After all, there’s no universal rule that says you shouldn’t eat dogs. Different countries, different cultures—different norms. When people study pet ownership in societies that are still largely hunter-gatherer, there’s often this idea that a den of puppies might be collected along with an adult. The puppies are raised with the group, and one might be chosen as a pet while the others are eaten. So in some cultures, it’s not one view or the other—it’s a mix of both.
I think we have to remind ourselves that the cultural rules we live by don’t necessarily apply as broadly as we’d like to think.
Q: …what if we end up with AI pets!?
[Jay Ingram]: It’s so interesting you asked me that question, because I participate in a podcast called Defy Dementia, where we explore ways people can lower their risk of developing dementia. The topic we’re about to tackle is dogs—or pets in general—as companions for people living with dementia.
There isn’t a lot of hard data on this. There’s some reasonably good evidence for live animals, but they’re messy, hard to care for, and unpredictable. So the question becomes: how often do you introduce them to someone living with dementia, and at what stage of cognitive decline?

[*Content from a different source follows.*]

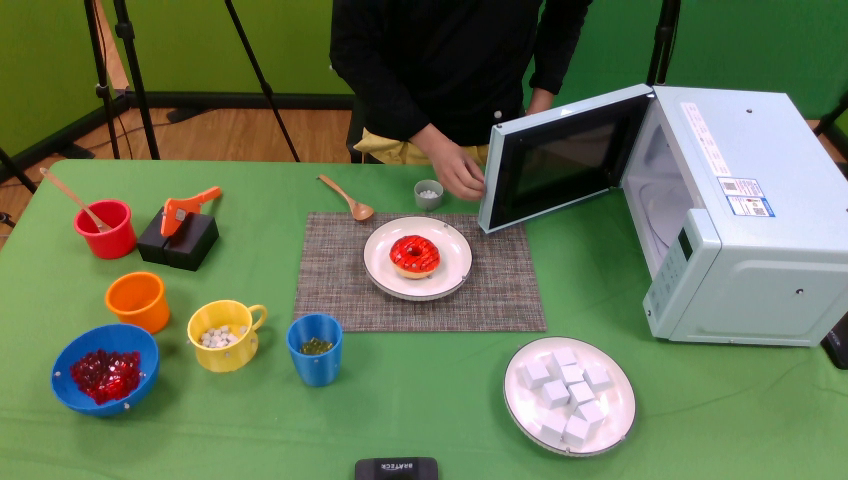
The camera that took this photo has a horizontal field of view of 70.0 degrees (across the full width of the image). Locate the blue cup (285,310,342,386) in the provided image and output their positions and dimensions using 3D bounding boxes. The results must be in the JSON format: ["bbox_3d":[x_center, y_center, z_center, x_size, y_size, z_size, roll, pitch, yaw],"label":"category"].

Robot pets, on the other hand, seem to have had some success in calming and amusing dementia patients. But not everyone likes that idea. The philosopher Robert Sparrow in Australia, for instance, argues that either you’re deceiving the patient—making them believe the robot is alive—or you’re encouraging them to deceive themselves. And either way, he says, that’s not moral.

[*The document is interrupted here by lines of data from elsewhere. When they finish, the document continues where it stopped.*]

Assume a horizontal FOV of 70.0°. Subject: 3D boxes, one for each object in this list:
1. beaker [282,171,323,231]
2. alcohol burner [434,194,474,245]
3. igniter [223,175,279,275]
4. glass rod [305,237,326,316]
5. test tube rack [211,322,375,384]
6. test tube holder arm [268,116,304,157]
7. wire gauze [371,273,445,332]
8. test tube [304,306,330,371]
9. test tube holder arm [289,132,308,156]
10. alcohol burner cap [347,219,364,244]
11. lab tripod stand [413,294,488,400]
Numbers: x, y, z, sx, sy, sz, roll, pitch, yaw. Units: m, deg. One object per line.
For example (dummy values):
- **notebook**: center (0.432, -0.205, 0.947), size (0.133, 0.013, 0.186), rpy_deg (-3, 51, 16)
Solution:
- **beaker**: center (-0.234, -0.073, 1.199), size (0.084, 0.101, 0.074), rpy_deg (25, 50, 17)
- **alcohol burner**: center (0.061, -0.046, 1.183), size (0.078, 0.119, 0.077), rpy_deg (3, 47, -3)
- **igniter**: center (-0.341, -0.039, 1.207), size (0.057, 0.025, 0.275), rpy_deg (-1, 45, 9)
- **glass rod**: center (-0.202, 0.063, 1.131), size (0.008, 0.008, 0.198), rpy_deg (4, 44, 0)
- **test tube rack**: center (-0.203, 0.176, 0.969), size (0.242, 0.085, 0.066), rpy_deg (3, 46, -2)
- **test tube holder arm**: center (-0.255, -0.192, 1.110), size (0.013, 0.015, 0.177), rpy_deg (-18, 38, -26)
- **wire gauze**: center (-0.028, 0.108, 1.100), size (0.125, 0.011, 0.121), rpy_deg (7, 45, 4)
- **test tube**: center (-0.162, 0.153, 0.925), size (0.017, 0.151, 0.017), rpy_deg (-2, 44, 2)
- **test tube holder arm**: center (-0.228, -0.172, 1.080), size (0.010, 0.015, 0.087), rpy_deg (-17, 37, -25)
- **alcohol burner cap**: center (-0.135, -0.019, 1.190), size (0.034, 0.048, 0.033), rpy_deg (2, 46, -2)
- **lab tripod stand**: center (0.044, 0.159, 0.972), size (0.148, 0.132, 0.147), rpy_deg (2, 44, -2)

Others who’ve worked extensively with robots are disappointed for a different reason. They feel uneasy about this growing acceptance that spending time with a robot is fine—and if it makes you happy, then that’s enough. But are you actually having a conversation? Of course not. You wouldn’t really call it a conversation with a pet either, but you know what I mean—it’s not real, and it never will be.
My artist friends tell me the same thing: they insist that one will always be able to tell when a piece of art was created by a human. And I say, I’m not so sure about that. The way things are moving, I wouldn’t guarantee it. In fact, I was just talking to my publisher two days ago, and she said they’ve already received entire manuscripts written by ChatGPT.

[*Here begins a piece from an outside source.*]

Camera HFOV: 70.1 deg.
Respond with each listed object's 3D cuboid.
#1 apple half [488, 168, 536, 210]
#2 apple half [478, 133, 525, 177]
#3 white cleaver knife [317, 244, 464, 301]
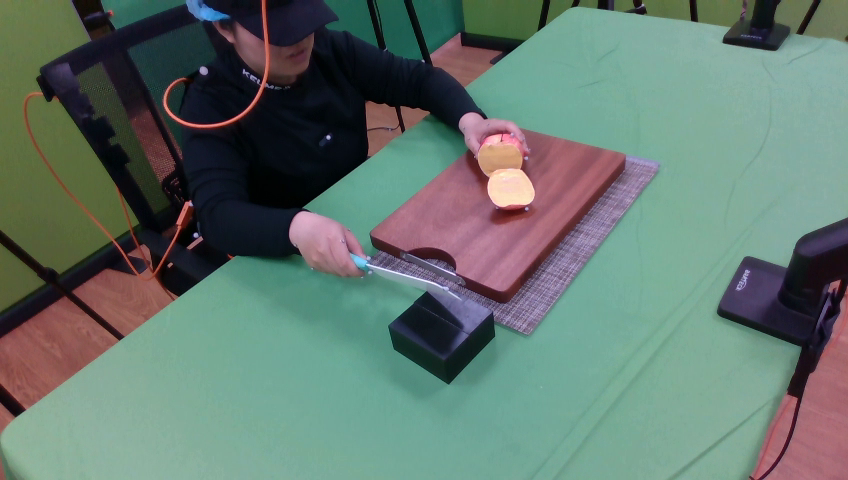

That’s the thing—we’re on this strange cusp right now. The naysayers say, “Look at this garbage ChatGPT produces,” while others counter, “Yes, but what about the ones you didn’t realize were written by it?”
People form emotional attachments to robots too. That’s been especially true in the military—there are stories of mine-detecting robots being blown up, and soldiers rushing out to rescue them. So I don’t see why that same kind of bond couldn’t develop with companion robots—not just for people with dementia, but more broadly.
I’m sure it’s coming. And Robert Sparrow, the philosopher I mentioned earlier, is already worried about what happens when it becomes cheaper to have a robot than a human caregiver—because at that point, fewer dementia patients may have any human contact at all.